Nematalosa flyensis
- Conservation status: Data Deficient (IUCN 3.1)

Scientific classification
- Kingdom: Animalia
- Phylum: Chordata
- Class: Actinopterygii
- Order: Clupeiformes
- Family: Dorosomatidae
- Genus: Nematalosa
- Species: N. flyensis
- Binomial name: Nematalosa flyensis Wongratana, 1983

= Nematalosa flyensis =

- Authority: Wongratana, 1983
- Conservation status: DD

Species of fish

Nematalosa flyensis, the Fly River gizzard or Fly River gizzard shad, is a species of freshwater ray-finned fish within the family Clupeidae. The species is endemic to New Guinea, and is only known to inhabit the Fly River, including its tributary Strickland River.

== Biology ==
Nematalosa flyensis inhabits rivers and floodplains at depths down to 50 meters, but is not known if it also inhabits estuaries.
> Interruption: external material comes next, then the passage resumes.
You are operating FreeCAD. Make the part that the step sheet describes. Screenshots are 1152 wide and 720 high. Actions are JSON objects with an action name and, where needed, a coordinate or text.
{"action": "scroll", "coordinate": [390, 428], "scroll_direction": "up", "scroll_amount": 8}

Individuals are known to grow as big as 22.2 cm in standard length.

== Conservation ==
Nematalosa flyensis has been classified as 'Data deficient' by the IUCN Red List. Little is known about the population and threats of the species, and since its endemic to a single river system it could be susceptible to degradation, droughts, algal blooms and fishing, although whether these greatly impact the species is unknown. No conservation efforts have been made so far.